• _TASK DIRECTIONS_: Could you restate the data below word for word, without its pictures?

• _PROVIDED RECORDS_:

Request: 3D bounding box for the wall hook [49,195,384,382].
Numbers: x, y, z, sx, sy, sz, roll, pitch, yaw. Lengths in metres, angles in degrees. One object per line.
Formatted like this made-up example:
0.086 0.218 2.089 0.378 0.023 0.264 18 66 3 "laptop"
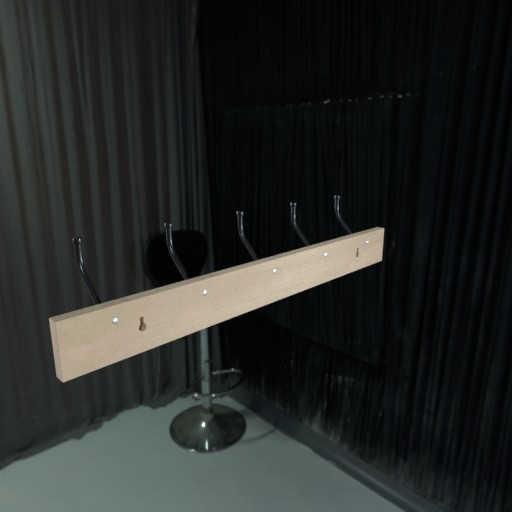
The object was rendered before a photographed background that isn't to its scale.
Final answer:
0.000 0.000 0.609 0.071 0.117 0.571 15 21 43 "wall hook"

• _ANSWER TO THIS TASK_:
Request: 3D bounding box for the wall hook [49,195,384,382].
Numbers: x, y, z, sx, sy, sz, roll, pitch, yaw. Lengths in metres, angles in degrees. One object per line.
Formatted like this made-up example:
0.086 0.218 2.089 0.378 0.023 0.264 18 66 3 "laptop"
The object was rendered before a photographed background that isn't to its scale.
Final answer:
0.000 0.000 0.609 0.071 0.117 0.571 15 21 43 "wall hook"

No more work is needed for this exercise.